What is expected
Report all lines in the records that hold the string "blocks".

(Recorded data)
···

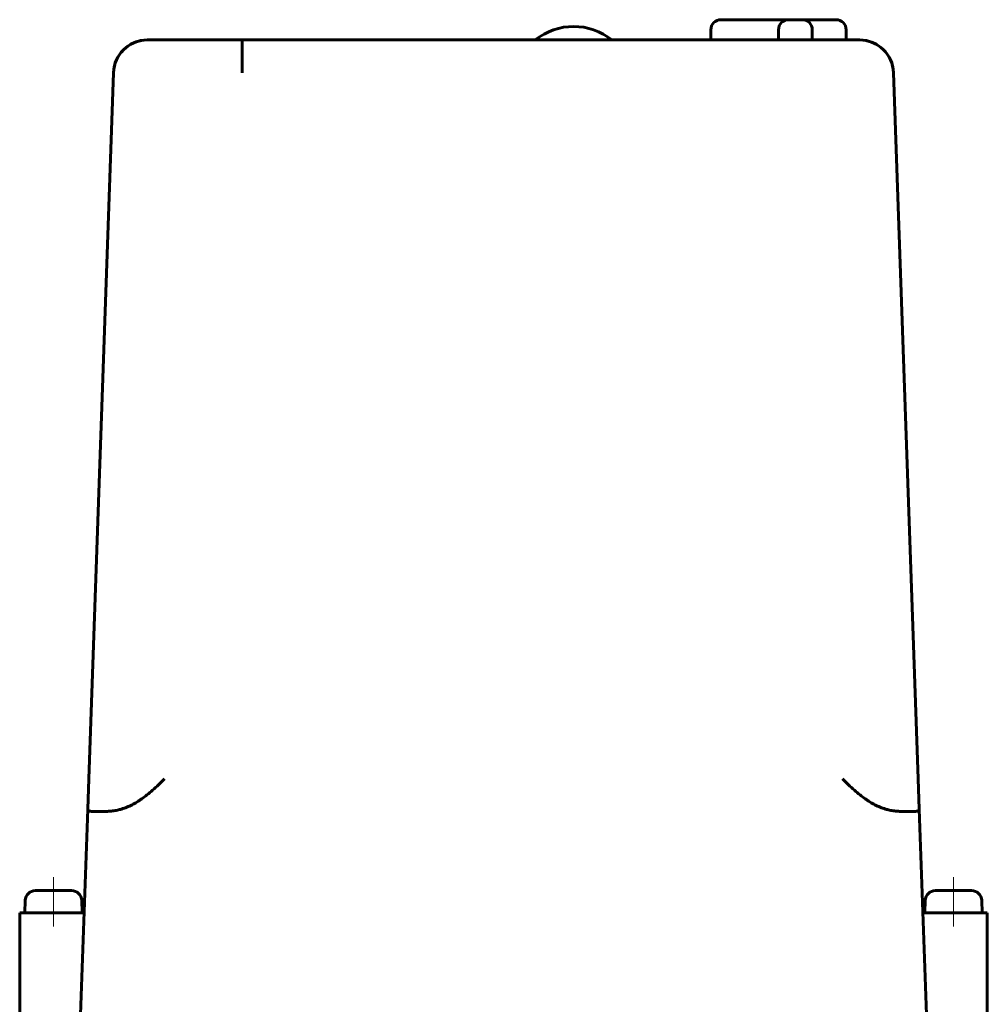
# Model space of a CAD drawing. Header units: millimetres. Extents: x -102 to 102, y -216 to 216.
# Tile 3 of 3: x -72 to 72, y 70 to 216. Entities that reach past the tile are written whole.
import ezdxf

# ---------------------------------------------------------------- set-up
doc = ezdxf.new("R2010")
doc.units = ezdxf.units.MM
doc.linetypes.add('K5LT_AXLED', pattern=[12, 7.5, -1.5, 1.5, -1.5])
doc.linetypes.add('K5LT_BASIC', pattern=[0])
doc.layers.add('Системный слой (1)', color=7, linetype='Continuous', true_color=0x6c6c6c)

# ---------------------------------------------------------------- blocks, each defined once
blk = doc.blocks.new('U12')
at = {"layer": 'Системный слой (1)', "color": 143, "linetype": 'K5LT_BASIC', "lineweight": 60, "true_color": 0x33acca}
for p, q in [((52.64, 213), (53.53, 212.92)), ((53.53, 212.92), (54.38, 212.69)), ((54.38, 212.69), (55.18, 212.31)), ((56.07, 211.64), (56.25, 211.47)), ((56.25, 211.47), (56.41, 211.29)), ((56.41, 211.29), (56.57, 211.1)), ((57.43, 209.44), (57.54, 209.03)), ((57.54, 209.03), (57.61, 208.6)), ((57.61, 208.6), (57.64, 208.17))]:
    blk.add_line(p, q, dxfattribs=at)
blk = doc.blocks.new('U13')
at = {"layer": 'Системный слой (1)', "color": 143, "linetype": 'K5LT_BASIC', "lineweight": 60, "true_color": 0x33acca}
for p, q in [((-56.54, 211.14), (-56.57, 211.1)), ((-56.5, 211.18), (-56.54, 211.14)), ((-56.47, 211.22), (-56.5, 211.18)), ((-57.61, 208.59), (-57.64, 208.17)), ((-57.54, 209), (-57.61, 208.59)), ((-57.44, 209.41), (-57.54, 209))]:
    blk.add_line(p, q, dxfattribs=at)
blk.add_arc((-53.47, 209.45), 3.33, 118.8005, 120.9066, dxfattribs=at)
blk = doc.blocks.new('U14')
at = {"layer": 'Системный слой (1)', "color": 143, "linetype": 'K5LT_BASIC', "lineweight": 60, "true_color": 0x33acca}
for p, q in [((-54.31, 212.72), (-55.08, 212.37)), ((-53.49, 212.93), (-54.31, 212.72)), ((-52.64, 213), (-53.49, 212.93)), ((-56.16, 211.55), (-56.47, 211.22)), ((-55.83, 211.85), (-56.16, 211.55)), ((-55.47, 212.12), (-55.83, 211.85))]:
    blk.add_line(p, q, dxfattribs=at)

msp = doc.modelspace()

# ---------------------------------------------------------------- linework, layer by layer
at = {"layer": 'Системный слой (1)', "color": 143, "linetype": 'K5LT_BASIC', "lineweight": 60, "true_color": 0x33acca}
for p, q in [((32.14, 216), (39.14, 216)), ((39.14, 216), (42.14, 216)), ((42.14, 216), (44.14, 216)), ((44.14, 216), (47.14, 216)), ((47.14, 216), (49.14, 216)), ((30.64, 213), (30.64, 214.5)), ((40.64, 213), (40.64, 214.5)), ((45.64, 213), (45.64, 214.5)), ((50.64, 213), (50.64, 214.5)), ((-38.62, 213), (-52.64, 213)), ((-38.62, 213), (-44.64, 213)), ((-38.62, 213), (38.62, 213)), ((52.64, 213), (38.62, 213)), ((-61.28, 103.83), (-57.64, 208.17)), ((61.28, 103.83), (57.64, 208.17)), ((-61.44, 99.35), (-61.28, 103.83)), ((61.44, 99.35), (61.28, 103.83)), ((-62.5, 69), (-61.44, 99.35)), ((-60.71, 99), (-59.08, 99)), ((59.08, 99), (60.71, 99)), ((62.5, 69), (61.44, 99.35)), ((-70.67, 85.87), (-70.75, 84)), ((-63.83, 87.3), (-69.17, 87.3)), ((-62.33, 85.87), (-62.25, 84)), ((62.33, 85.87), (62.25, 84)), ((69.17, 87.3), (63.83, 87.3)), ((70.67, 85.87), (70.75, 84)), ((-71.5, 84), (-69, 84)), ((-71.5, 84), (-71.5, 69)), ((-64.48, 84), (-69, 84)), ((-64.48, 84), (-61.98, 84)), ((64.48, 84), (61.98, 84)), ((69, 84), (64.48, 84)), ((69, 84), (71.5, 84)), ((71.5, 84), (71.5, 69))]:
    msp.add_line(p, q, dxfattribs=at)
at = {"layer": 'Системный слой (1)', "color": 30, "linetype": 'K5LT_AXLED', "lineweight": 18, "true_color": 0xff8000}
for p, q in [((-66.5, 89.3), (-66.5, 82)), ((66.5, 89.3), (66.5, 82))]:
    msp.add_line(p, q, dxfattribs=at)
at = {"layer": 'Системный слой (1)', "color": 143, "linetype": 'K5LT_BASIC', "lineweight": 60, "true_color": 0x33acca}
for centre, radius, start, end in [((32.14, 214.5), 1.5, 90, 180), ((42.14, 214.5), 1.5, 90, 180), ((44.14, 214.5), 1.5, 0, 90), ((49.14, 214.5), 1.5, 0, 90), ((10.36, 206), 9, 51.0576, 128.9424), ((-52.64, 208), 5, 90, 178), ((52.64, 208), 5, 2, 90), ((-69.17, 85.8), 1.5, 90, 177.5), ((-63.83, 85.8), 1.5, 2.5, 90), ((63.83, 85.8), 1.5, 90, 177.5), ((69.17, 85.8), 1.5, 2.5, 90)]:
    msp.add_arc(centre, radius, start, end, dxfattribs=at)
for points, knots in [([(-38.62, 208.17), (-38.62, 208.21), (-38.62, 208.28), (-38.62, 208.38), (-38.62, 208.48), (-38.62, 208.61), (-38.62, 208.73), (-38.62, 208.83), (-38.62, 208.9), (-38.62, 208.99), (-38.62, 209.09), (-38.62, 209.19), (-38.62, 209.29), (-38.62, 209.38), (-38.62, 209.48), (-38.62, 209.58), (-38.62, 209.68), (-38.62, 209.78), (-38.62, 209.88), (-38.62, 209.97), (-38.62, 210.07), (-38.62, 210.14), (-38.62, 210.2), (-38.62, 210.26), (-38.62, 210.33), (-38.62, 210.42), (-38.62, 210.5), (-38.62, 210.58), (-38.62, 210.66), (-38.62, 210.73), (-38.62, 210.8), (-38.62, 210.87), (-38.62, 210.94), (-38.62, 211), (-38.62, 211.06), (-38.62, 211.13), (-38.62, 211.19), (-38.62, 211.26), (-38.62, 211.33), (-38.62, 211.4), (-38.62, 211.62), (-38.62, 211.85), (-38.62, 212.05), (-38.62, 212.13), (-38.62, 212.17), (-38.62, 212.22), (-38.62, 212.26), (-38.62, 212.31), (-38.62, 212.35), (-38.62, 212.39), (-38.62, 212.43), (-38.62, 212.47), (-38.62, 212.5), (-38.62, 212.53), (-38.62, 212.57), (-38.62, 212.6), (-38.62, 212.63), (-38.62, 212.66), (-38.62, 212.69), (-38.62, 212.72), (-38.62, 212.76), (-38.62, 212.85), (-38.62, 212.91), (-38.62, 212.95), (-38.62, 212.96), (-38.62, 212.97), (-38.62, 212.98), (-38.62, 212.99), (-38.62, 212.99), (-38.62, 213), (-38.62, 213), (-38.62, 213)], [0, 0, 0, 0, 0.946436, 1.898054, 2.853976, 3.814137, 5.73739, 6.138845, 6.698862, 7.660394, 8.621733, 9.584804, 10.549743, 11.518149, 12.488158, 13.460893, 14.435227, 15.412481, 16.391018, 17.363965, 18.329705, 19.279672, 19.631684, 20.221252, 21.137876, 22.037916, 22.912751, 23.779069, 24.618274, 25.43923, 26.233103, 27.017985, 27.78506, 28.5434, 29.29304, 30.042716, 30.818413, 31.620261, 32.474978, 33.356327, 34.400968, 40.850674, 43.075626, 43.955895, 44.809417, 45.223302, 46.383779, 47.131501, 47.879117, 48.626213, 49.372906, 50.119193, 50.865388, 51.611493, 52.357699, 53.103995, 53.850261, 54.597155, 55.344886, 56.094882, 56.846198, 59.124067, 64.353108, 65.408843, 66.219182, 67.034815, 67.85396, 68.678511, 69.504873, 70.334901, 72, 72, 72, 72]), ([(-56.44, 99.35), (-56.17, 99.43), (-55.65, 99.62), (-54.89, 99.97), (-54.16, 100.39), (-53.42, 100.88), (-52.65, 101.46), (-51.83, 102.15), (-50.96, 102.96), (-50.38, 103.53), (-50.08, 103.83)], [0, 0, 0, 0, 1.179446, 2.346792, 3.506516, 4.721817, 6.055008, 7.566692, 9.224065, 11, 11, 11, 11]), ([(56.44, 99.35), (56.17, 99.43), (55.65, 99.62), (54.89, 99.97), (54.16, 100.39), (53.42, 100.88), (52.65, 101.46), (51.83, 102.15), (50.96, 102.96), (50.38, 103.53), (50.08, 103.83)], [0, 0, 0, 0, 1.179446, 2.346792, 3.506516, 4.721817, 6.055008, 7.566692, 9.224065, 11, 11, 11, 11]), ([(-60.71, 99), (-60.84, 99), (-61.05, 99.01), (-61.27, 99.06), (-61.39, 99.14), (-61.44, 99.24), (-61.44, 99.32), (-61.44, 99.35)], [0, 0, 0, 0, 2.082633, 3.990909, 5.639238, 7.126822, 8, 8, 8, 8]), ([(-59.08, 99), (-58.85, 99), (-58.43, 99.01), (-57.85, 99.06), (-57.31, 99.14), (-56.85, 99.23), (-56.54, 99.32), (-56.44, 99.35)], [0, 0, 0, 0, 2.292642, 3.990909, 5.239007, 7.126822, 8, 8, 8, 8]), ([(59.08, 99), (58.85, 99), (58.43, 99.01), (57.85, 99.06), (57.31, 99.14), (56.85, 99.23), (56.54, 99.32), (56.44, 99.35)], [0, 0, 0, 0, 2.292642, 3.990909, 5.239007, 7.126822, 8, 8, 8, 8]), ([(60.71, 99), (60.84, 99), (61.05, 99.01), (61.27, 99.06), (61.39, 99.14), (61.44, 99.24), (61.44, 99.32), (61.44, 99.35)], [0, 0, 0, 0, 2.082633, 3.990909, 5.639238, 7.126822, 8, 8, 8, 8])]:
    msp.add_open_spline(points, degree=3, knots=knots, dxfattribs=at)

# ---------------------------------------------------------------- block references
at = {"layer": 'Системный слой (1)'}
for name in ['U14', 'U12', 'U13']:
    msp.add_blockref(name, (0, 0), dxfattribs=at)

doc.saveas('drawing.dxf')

···

Finished exercise
# ---------------------------------------------------------------- blocks, each defined once
blk = doc.blocks.new('U12')
blk = doc.blocks.new('U13')
blk = doc.blocks.new('U14')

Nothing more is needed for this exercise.